Ambos están íntimamente relacionados, no pudiéndose resolver el primero sin
abordar el segundo: sin competencia ciudadana no hay verdadera
representatividad.
A este lado del Pirineo, sin ser filósofo político, nuestro Antonio Machado nos
recuerda que no hay caminos a priori, sino que todo camino se hace al andar. El
comportamiento democrático no reside en obrar con la mira puesta en un
resultado socialmente deseable y estipulado de antemano, pues de buenas
intenciones sabemos que está empedrado el camino del infierno; ni tampoco en
obedecer a un sistema perfecto de reglas de juego, elaborado por varones sabios o
expertos. Ni la virtud necesita reglas, ni el vicio se frena por más reglas que le
pongan. La ejemplaridad del comportamiento, una conducta que muestra más que
dice, debía ser de mayor importancia en la vida política que esa producción de
buenos resultados que nos recuerda las palabras de Mefistófeles al doctor Fausto:
«Ich bin ein Teil von jener Kraft, die Böses will und Gutes schaft». Y la bondad
de las instituciones depende más de la calidad moral de los individuos que las
administran, que de la perfección de sus estatutos y sus reglas directrices.

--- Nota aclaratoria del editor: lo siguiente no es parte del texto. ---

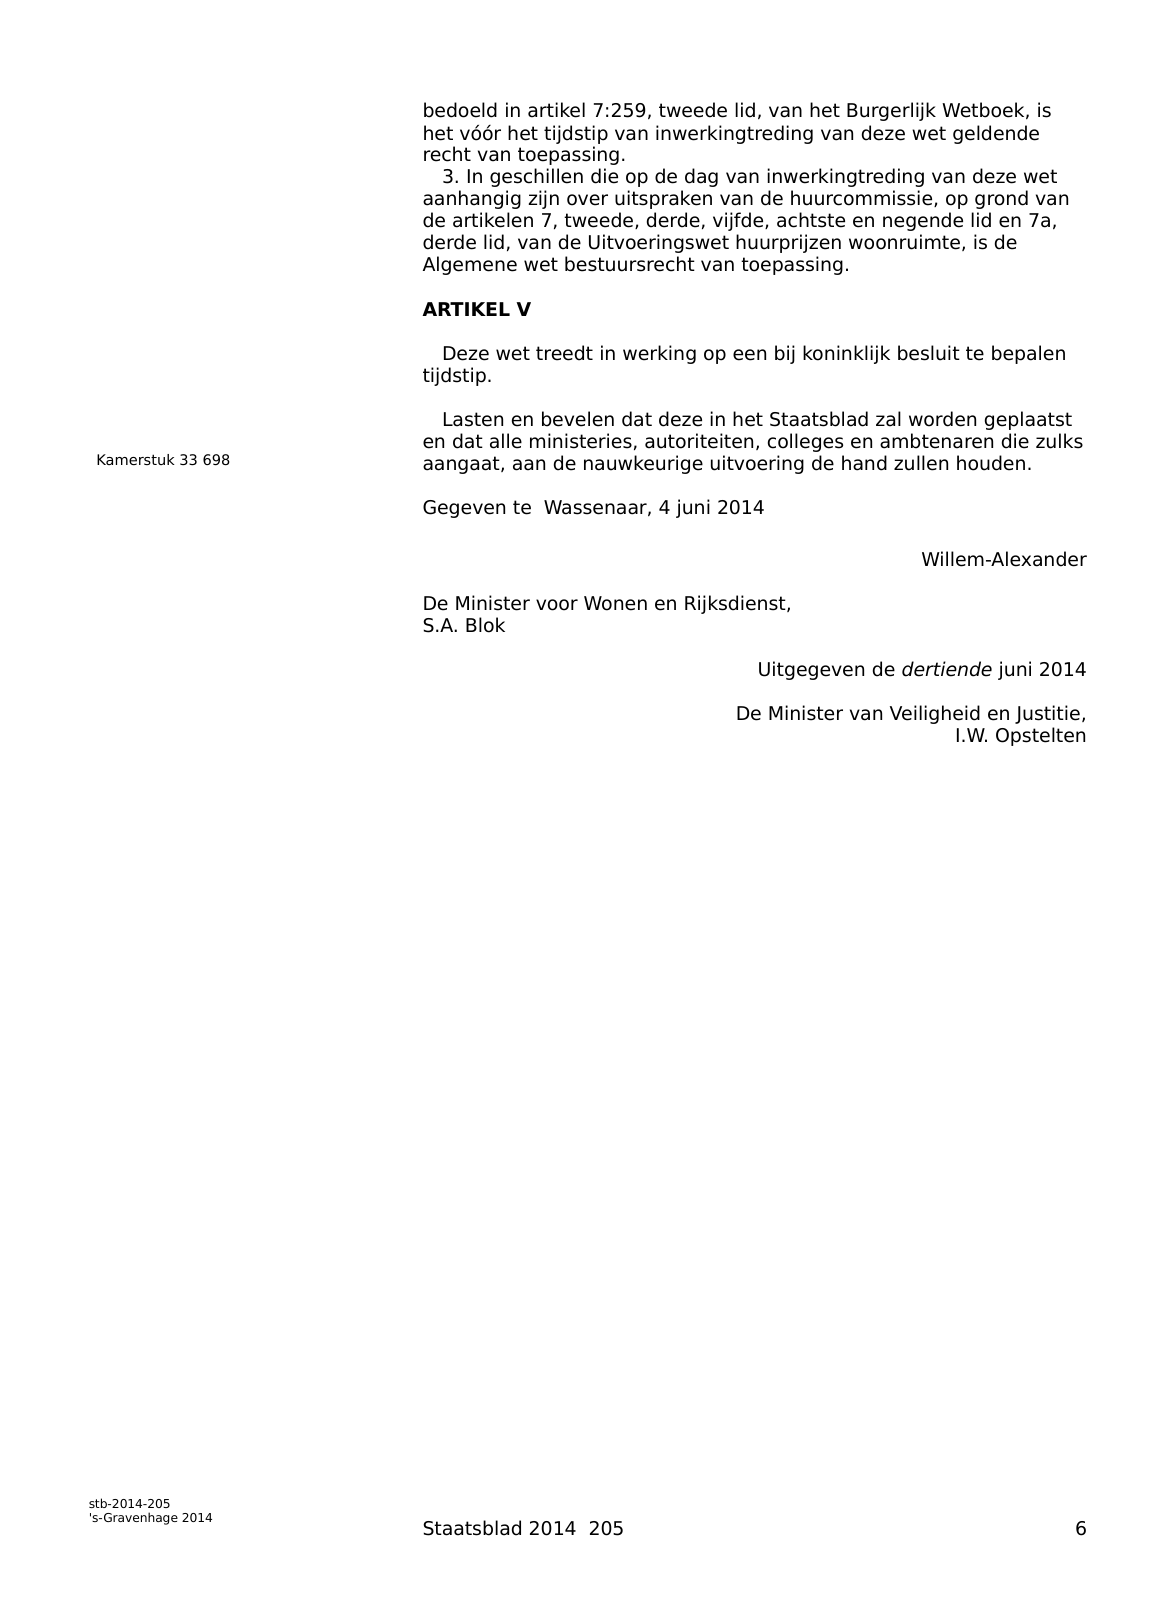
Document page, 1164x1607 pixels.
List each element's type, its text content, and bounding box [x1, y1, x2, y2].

text stb-2014-205 [88, 1497, 323, 1511]
text 3. In geschillen die op de dag van inwerkingtreding van deze wet aanhangig zijn over uitspraken van de huurcommissie, op grond van de artikelen 7, tweede, derde, vijfde, achtste en negende lid en 7a, derde lid, van de Uitvoeringswet huurprijzen woonruimte, is de Algemene wet bestuursrecht van toepassing. [422, 166, 1087, 276]
subtitle ARTIKEL V [422, 298, 1087, 320]
text Kamerstuk 33 698 [77, 452, 396, 469]
text Lasten en bevelen dat deze in het Staatsblad zal worden geplaatst en dat alle ministeries, autoriteiten, colleges en ambtenaren die zulks aangaat, aan de nauwkeurige uitvoering de hand zullen houden. [422, 409, 1087, 475]
text Uitgegeven de dertiende juni 2014 [422, 659, 1087, 681]
text Gegeven te Wassenaar, 4 juni 2014 [422, 497, 1087, 519]
text bedoeld in artikel 7:259, tweede lid, van het Burgerlijk Wetboek, is het vóór het tijdstip van inwerkingtreding van deze wet geldende recht van toepassing. [422, 100, 1087, 166]
text 's-Gravenhage 2014 [88, 1511, 323, 1525]
text Willem-Alexander [422, 549, 1087, 571]
text Deze wet treedt in werking op een bij koninklijk besluit te bepalen tijdstip. [422, 343, 1087, 387]
text De Minister van Veiligheid en Justitie, I.W. Opstelten [422, 703, 1087, 747]
text De Minister voor Wonen en Rijksdienst, S.A. Blok [422, 593, 1087, 637]
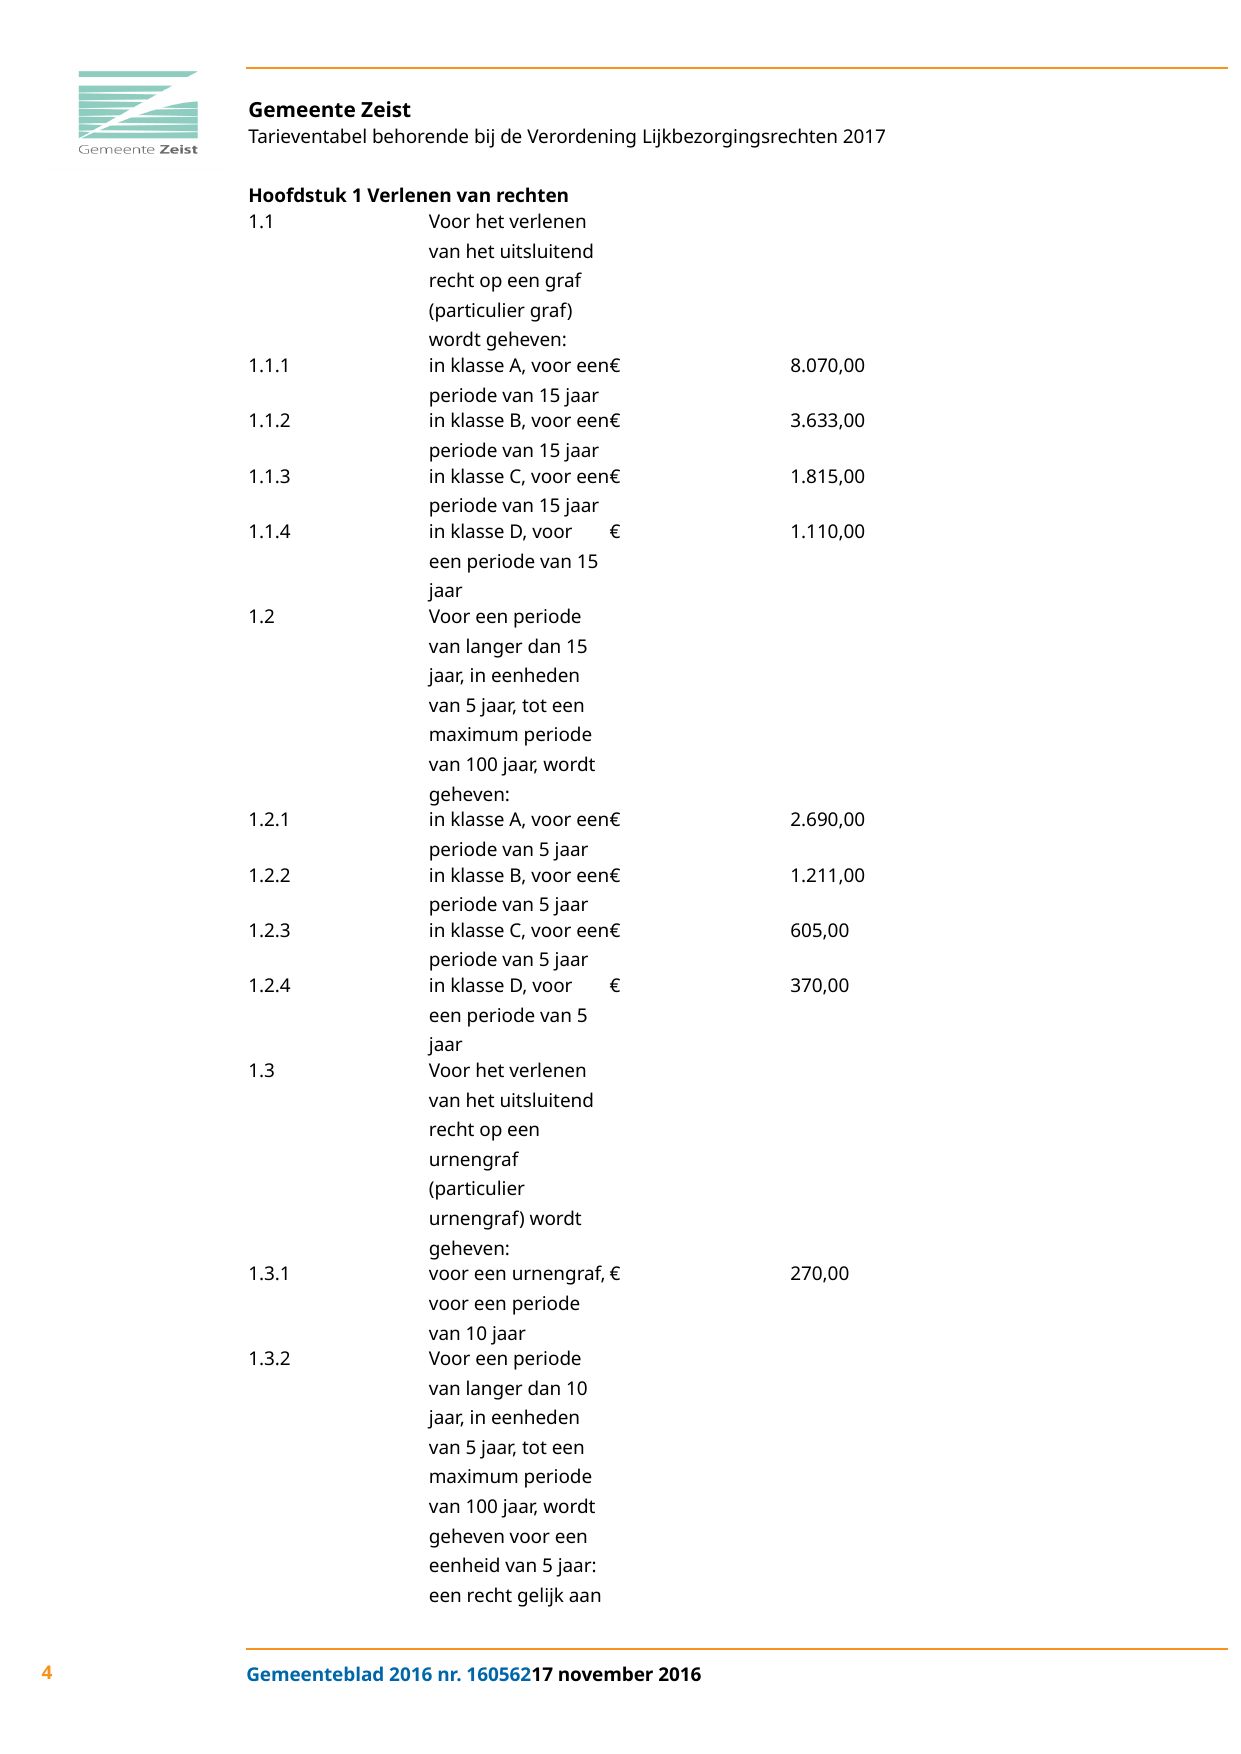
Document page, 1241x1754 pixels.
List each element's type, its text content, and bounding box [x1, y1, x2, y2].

table_cell 1.2.2 [248, 862, 429, 917]
table_cell in klasse B, voor een periode van 15 jaar [429, 408, 609, 463]
table_cell [609, 208, 790, 352]
table_cell 1.211,00 [790, 862, 971, 917]
table_cell 3.633,00 [790, 408, 971, 463]
table_cell 1.1.1 [248, 353, 429, 408]
table_header Hoofdstuk 1 Verlenen van rechten [248, 183, 609, 208]
table_cell Voor een periode van langer dan 10 jaar, in eenheden van 5 jaar, tot een maximum periode van 100 jaar, wordt geheven voor een eenheid van 5 jaar: een recht gelijk aan [429, 1345, 609, 1608]
table_cell 1.1 [248, 208, 429, 352]
table_cell € [609, 862, 790, 917]
table_cell € [609, 463, 790, 518]
table_cell 370,00 [790, 973, 971, 1057]
table_cell in klasse B, voor een periode van 5 jaar [429, 862, 609, 917]
table_cell € [609, 518, 790, 603]
table_cell in klasse A, voor een periode van 5 jaar [429, 806, 609, 862]
table_cell in klasse C, voor een periode van 5 jaar [429, 917, 609, 972]
table_cell [609, 1345, 790, 1608]
text Tarieventabel behorende bij de Verordening Lijkbezorgingsrechten 2017 [248, 123, 1152, 149]
table_cell Voor het verlenen van het uitsluitend recht op een urnengraf (particulier urnengraf) wordt geheven: [429, 1057, 609, 1261]
table_cell 1.3.1 [248, 1261, 429, 1345]
table_cell 1.1.4 [248, 518, 429, 603]
table_cell Voor het verlenen van het uitsluitend recht op een graf (particulier graf) wordt geheven: [429, 208, 609, 352]
table_cell 270,00 [790, 1261, 971, 1345]
table_header [609, 183, 790, 208]
table_cell € [609, 353, 790, 408]
table_cell 605,00 [790, 917, 971, 972]
table_cell € [609, 806, 790, 862]
table_cell € [609, 1261, 790, 1345]
table_cell voor een urnengraf, voor een periode van 10 jaar [429, 1261, 609, 1345]
table_cell 2.690,00 [790, 806, 971, 862]
table_cell 1.3 [248, 1057, 429, 1261]
table_cell [790, 1057, 971, 1261]
table_cell 1.2.1 [248, 806, 429, 862]
table_cell in klasse D, voor een periode van 15 jaar [429, 518, 609, 603]
table_header [790, 183, 971, 208]
table_cell [790, 208, 971, 352]
table_cell in klasse A, voor een periode van 15 jaar [429, 353, 609, 408]
table_cell [790, 603, 971, 806]
table_cell 1.2.3 [248, 917, 429, 972]
table_cell 1.110,00 [790, 518, 971, 603]
table_cell 1.815,00 [790, 463, 971, 518]
table_cell [609, 603, 790, 806]
picture [41, 47, 231, 172]
table_cell 1.1.2 [248, 408, 429, 463]
table_cell 1.1.3 [248, 463, 429, 518]
text Gemeente Zeist [248, 95, 1152, 123]
table_cell 1.2.4 [248, 973, 429, 1057]
table_cell in klasse C, voor een periode van 15 jaar [429, 463, 609, 518]
table_cell € [609, 408, 790, 463]
table_cell 8.070,00 [790, 353, 971, 408]
table_cell in klasse D, voor een periode van 5 jaar [429, 973, 609, 1057]
table_cell [609, 1057, 790, 1261]
table_cell [790, 1345, 971, 1608]
table_cell € [609, 973, 790, 1057]
table_cell 1.2 [248, 603, 429, 806]
table_cell 1.3.2 [248, 1345, 429, 1608]
table_cell € [609, 917, 790, 972]
table_cell Voor een periode van langer dan 15 jaar, in eenheden van 5 jaar, tot een maximum periode van 100 jaar, wordt geheven: [429, 603, 609, 806]
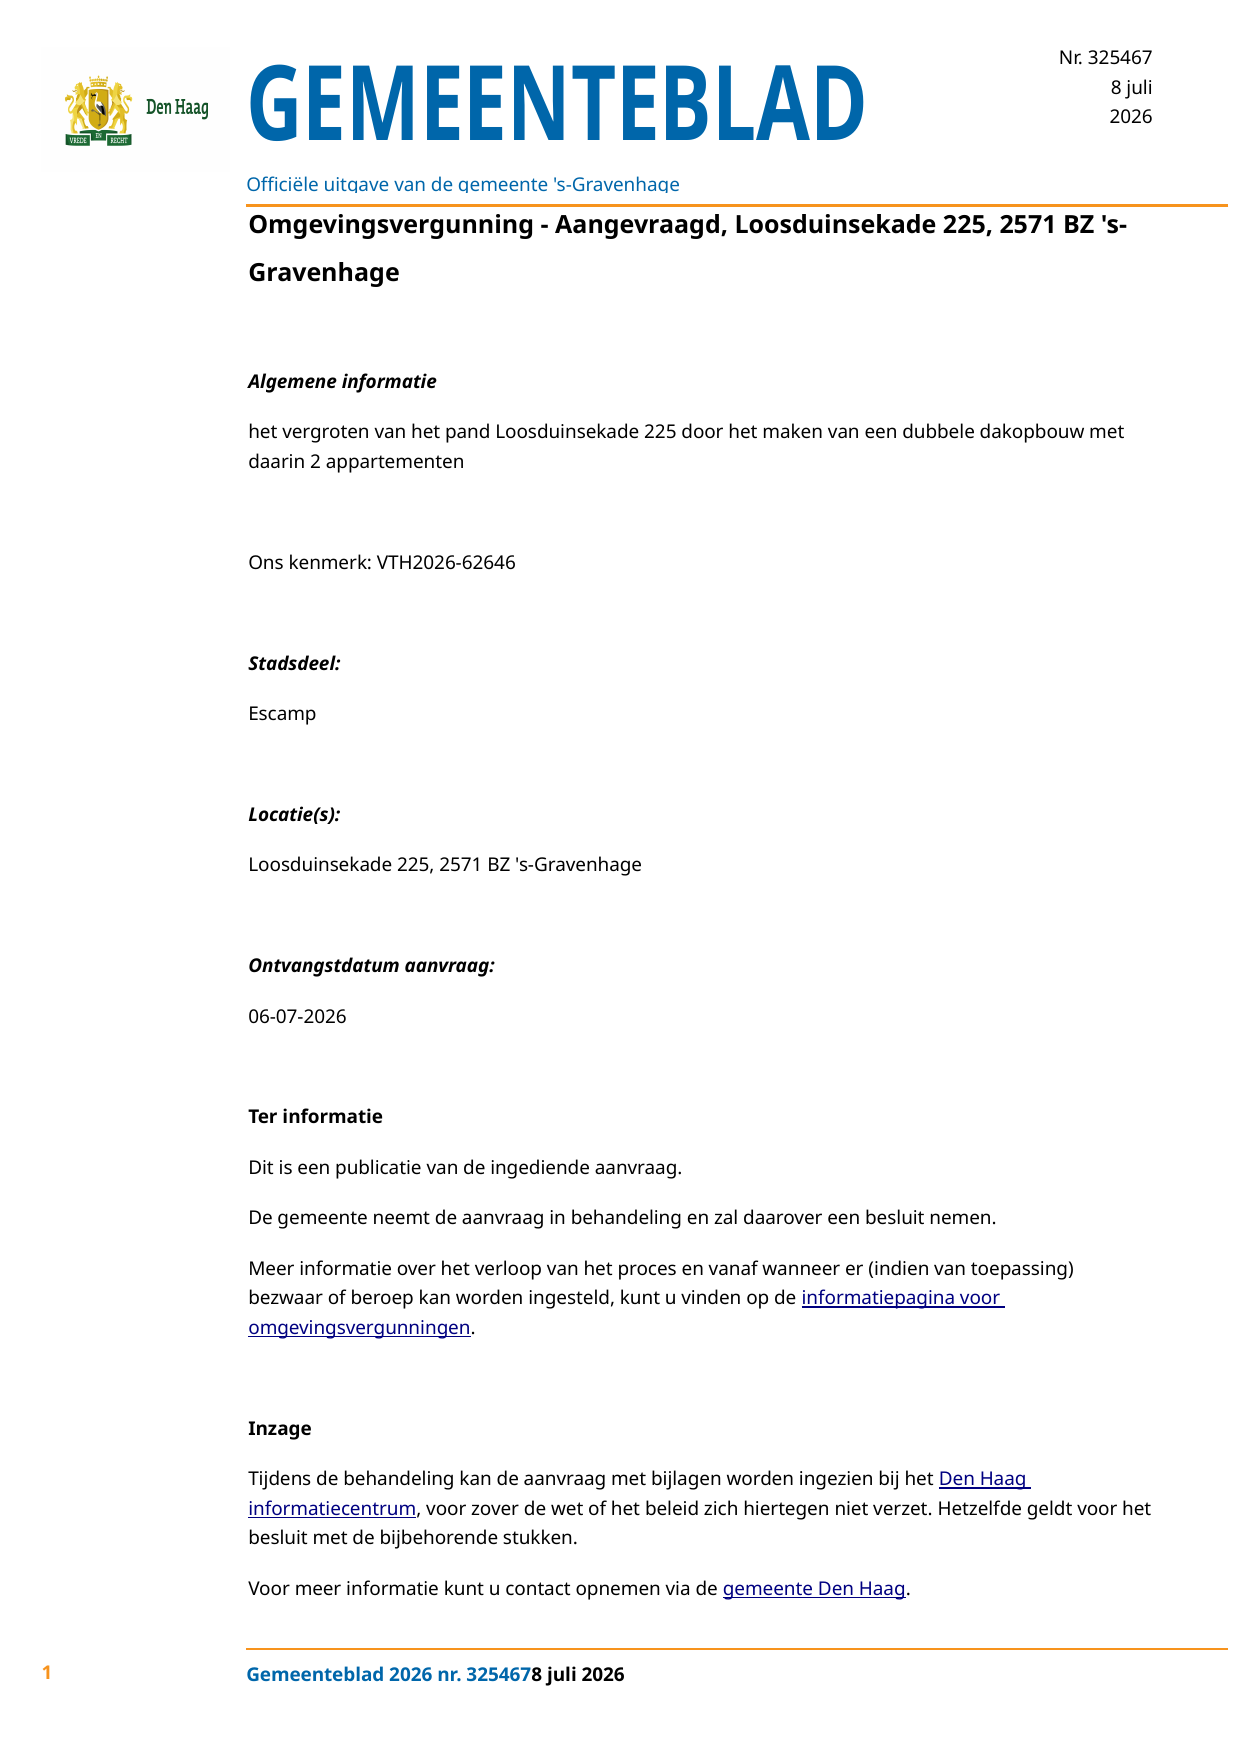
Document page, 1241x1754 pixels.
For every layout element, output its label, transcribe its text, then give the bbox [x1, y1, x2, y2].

text Meer informatie over het verloop van het proces en vanaf wanneer er (indien van toepassing) bezwaar of beroep kan worden ingesteld, kunt u vinden op de informatiepagina voor omgevingsvergunningen. [248, 1255, 1152, 1340]
text Ter informatie [248, 1104, 1152, 1129]
text Voor meer informatie kunt u contact opnemen via de gemeente Den Haag. [248, 1575, 1152, 1601]
text Loosduinsekade 225, 2571 BZ 's-Gravenhage [248, 852, 1152, 877]
text Dit is een publicatie van de ingediende aanvraag. [248, 1154, 1152, 1180]
text Stadsdeel: [248, 650, 1152, 676]
picture [41, 47, 231, 172]
text Locatie(s): [248, 801, 1152, 827]
text het vergroten van het pand Loosduinsekade 225 door het maken van een dubbele dakopbouw met daarin 2 appartementen [248, 419, 1152, 474]
text Ontvangstdatum aanvraag: [248, 952, 1152, 978]
text 06-07-2026 [248, 1003, 1152, 1029]
text Inzage [248, 1415, 1152, 1441]
text Tijdens de behandeling kan de aanvraag met bijlagen worden ingezien bij het Den Haag informatiecentrum, voor zover de wet of het beleid zich hiertegen niet verzet. Hetzelfde geldt voor het besluit met de bijbehorende stukken. [248, 1465, 1152, 1550]
text De gemeente neemt de aanvraag in behandeling en zal daarover een besluit nemen. [248, 1204, 1152, 1230]
text Escamp [248, 700, 1152, 726]
text Algemene informatie [248, 368, 1152, 394]
text Omgevingsvergunning - Aangevraagd, Loosduinsekade 225, 2571 BZ 's-Gravenhage [248, 207, 1152, 288]
text Ons kenmerk: VTH2026-62646 [248, 549, 1152, 575]

Pero -dirán ustedes- ¿acaso las reglas mismas no son resultados de la actividad de
los individuos? Justamente eso es lo que sostengo. El diálogo y el acuerdo no
necesitan reglas previas, las reglas se forjan en el propio diálogo. Si no hemos de
caer en un utilitarismo de la regla, lo importante será la capacidad cívica y ética
de los individuos, pues donde hay buen cocinero la buena cena se da por
añadidura, pero donde los cocineros tienen que estar siguiendo las recetas
culinarias al pie de la letra, la calidad del resultado es altamente insegura. Una
cosa son las reglas como expresión de una experiencia asimilada («Del acto nase
la costume e de la costume nase la ley» como diría el Rey Sabio) y otras son las
reglas estipuladas por unos para ser seguidas por otros. Si no jugamos todos, más
vale romper la baraja.
Durante los últimos decenios, Suecia y su modelo político han tenido fama de ser
la forma más avanzada de democracia social. Fama que Suecia ha sabido
aprovechar para granjearse internacionalmente una posición política y económica
privilegiadas. Mientras España ha asumido la responsabilidad histórica de su
fracasada ansia imperial de otrora, Suecia, que entre 1611 y 1718 también tuvo
ambiciones semejantes y vio frustrados sus deseos de expansión y dominio, ha
sabido (como la zorra de las uvas) soterrar las huellas de esos deseos, haciendo
de la necesidad una virtud. El país nórdico ha sabido comprender las ventajas que
acarrea el mantenerse al margen de la guerra durante casi dos siglos, sobre todo si
se tiene la ventaja (hoy también perdida) de ser el primer país productor de
hierro, proveyendo sin discriminación (que por algo se es neutral) a ambos
contendientes durante los dos grandes conflictos bélicos. Paz interior,
prosperidad económica y fachada neutral, son condiciones favorables para el
desarrollo de instituciones democráticas. Es más fácil ser buenos cuando todo nos
va bien. Lo peor de todo es que acabamos creyéndonos que somos buenos e
incluso que somos los mejores.
La técnica sueca de reuniones, por ejemplo, es una geometría minuciosa del uso
de la palabra, muy diferente a la practicada en latitudes meridionales.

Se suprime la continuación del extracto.